A metallic spherical shell with internal and external diameters 4 cm and 8 cm is recast into a cone of base diameter 8 cm. The height of the cone is
12 cm
14 cm
15 cm
18 cm
Step 1: Write the given data.
Step 2: Find the volume of the spherical shell.
Volume of shell = Volume of outer sphere − Volume of inner sphere.
Outer radius = 4 cm, Inner radius = 2 cm.
So,
\[ V_{shell} = \dfrac{4}{3}\pi \big( R^3 - r^3 \big) = \dfrac{4}{3}\pi (4^3 - 2^3). \]

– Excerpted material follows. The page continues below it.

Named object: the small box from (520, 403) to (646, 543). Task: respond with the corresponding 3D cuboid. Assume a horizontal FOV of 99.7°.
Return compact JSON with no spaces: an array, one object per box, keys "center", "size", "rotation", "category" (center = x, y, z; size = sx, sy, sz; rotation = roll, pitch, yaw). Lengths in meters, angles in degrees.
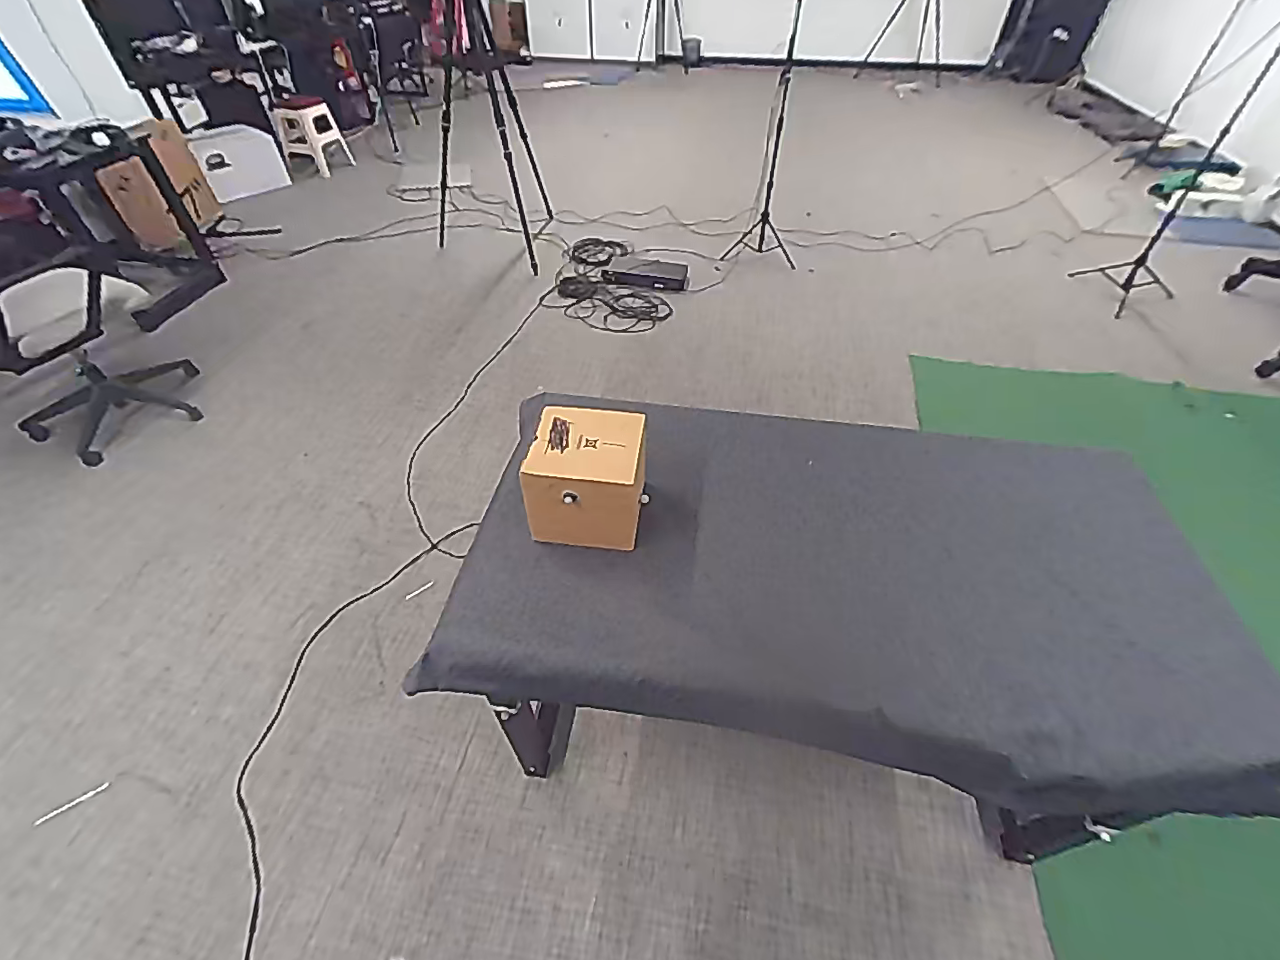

\(4^3 = 64, \; 2^3 = 8 \).
Therefore, \( V_{shell} = \dfrac{4}{3}\pi (64 - 8) = \dfrac{4}{3}\pi (56) = \dfrac{224}{3}\pi \; \text{cm}^3. \)
Step 3: Volume of the cone formed.
Formula: \( V_{cone} = \dfrac{1}{3} \pi r^2 h \)
Here, \(r = 4\,\text{cm}, h = ?\)
So, \( V_{cone} = \dfrac{1}{3} \pi (4^2) h = \dfrac{1}{3} \pi (16) h = \dfrac{16}{3}\pi h \).
Step 4: Equating the volumes.
Since the shell is melted to form the cone:
\( V_{shell} = V_{cone} \)
\( \dfrac{224}{3}\pi = \dfrac{16}{3}\pi h \)
Step 5: Simplify and solve for \(h\).
Cancel \( \dfrac{\pi}{3} \) on both sides:
\(224 = 16h \)
\( h = \dfrac{224}{16} = 14 \)
Final Answer: Height of the cone = 14 cm.